Hearing-physical Activity Intervention

NCT07071168 · Status: NOT_YET_RECRUITING · Phase: NA · Type: INTERVENTIONAL · Enrollment: 60

Last updated 2025-07-17

No results posted yet for this study

Summary

Background

By 2050, approximately 2.5 billion people are expected to experience some degree of age-related hearing loss (ARHL). Greater ARHL is associated with decreased communication, reduced physical activity and social engagement, increased depressive symptoms, cognitive decline and a higher risk of dementia. While previous studies highlight the benefits of combing hearing training and physical activity for older adults with ARHL, existing interventions are very limited. Additionally, the development of previous interventions often lacks end-user involvement, resulting in low adherence.

Objectives

This study aims to co-design a hearing-physical activity dual-task training app with older adults with ARHL, the potential end-users; to assess the feasibility and acceptability of the app using based on the theoretical framework of acceptability; and to examine its preliminary effects on improving physical activity, communication, loneliness, depressive symptoms and cognitive functions for older adults with age-related hearing loss.

Hypothesis to be tested

The app is feasible and acceptable to participants.
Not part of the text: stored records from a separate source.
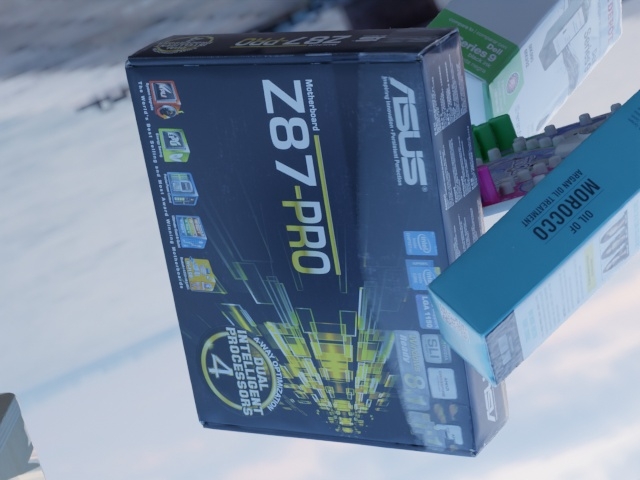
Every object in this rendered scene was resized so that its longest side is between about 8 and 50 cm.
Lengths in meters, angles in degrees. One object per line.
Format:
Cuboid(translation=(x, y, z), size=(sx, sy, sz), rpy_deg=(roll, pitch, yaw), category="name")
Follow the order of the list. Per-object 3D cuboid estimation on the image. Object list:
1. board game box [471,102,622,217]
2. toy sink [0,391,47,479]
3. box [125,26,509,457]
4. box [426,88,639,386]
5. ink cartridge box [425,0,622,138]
Cuboid(translation=(0.315, -0.125, 1.918), size=(0.390, 0.050, 0.390), rpy_deg=(-17, -170, 12), category="board game box")
Cuboid(translation=(-0.322, 0.213, 1.503), size=(0.153, 0.234, 0.131), rpy_deg=(-11, -155, 13), category="toy sink")
Cuboid(translation=(0.000, 0.000, 1.696), size=(0.318, 0.394, 0.097), rpy_deg=(2, -157, 29), category="box")
Cuboid(translation=(0.190, -0.009, 1.320), size=(0.244, 0.060, 0.100), rpy_deg=(-42, 154, -11), category="box")
Cuboid(translation=(0.253, -0.254, 2.255), size=(0.289, 0.122, 0.211), rpy_deg=(-49, 152, -21), category="ink cartridge box")
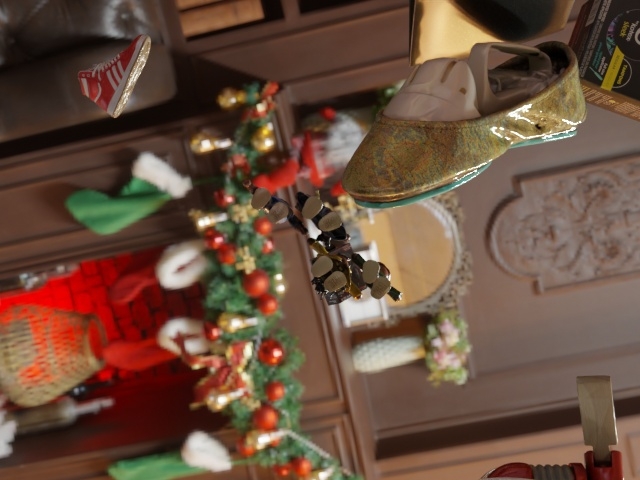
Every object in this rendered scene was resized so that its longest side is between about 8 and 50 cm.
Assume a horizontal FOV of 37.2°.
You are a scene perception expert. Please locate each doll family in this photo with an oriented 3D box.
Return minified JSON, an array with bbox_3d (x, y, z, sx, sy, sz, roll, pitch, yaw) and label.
[{"bbox_3d":[0.000,0.000,0.961,0.193,0.076,0.111,53,7,1],"label":"doll family"}]

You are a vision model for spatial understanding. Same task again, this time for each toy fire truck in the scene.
[{"bbox_3d":[0.305,0.306,1.219,0.158,0.217,0.246,89,2,-72],"label":"toy fire truck"}]

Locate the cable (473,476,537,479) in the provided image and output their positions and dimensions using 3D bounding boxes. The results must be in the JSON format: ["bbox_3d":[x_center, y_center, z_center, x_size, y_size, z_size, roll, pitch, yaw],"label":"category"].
[{"bbox_3d":[0.147,0.312,0.745,0.257,0.257,0.089,-50,141,-19],"label":"cable"}]

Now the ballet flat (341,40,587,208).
[{"bbox_3d":[0.141,-0.127,0.907,0.348,0.123,0.123,-22,103,-42],"label":"ballet flat"}]

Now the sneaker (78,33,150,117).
[{"bbox_3d":[-0.262,-0.220,1.200,0.118,0.067,0.042,-58,178,26],"label":"sneaker"}]

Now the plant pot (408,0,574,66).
[{"bbox_3d":[0.178,-0.304,0.980,0.187,0.166,0.188,86,6,-68],"label":"plant pot"}]

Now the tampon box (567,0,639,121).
[{"bbox_3d":[0.390,-0.220,1.165,0.101,0.161,0.120,-156,-95,-88],"label":"tampon box"}]

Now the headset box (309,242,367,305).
[{"bbox_3d":[0.026,0.046,1.415,0.062,0.032,0.083,-25,97,-38],"label":"headset box"}]
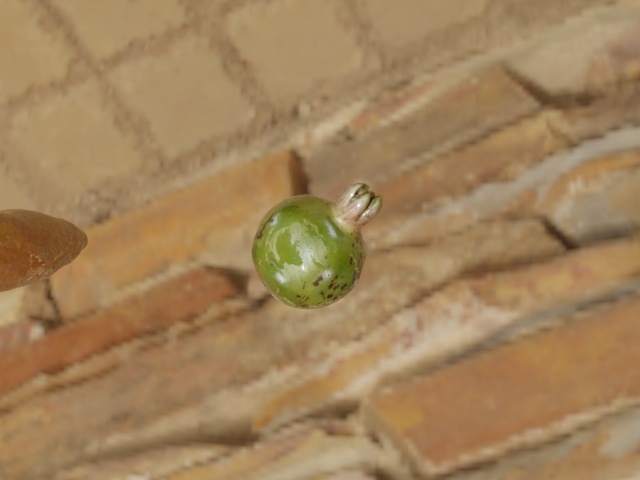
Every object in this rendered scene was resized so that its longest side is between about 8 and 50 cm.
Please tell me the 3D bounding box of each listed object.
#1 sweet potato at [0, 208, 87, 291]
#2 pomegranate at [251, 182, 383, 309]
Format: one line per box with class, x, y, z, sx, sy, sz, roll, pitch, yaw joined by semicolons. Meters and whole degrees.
sweet potato;-0.220;0.009;1.156;0.202;0.055;0.058;-12;126;-47
pomegranate;0.001;0.001;1.068;0.084;0.073;0.073;-34;126;-5
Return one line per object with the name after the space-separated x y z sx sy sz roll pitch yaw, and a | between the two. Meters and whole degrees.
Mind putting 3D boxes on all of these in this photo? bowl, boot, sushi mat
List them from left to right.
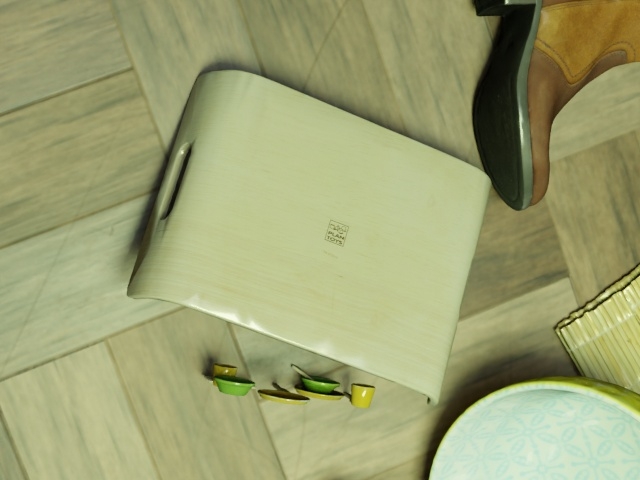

Upon completing the 10-week intervention, the intervention group will report significantly greater improvements in physical activity, communication, loneliness, depressive symptoms and cognitive functions than the control group. These findings will support subsequent investigations in a larger-scale randomized controlled trial.

Research Design and Methods

This study consists of three phases. Phase 1: co-develop a prototype app that combines hearing and physical activity dual-task trainings, incorporating a music therapy component for older adults with ARHL. Co-design workshops will be conducted following the community-based participatory research methodology, where participants will engage in plenary and breakout sessions. Phase 2: conduct a two-arm, single-blinded, pilot randomized controlled trial. Phase 3: conduct individual semi-structured interviews immediately after the intervention. Four process evaluation outcomes will be observed, namely feasibility, fidelity, and acceptability, along with implementation barriers and facilitators. Participants will include Chinese adults aged 60 years or older, with mild-to-moderate HL with a pure-tone average of 20-50 dB across octave frequencies 0.5 to 4kHz in both ears.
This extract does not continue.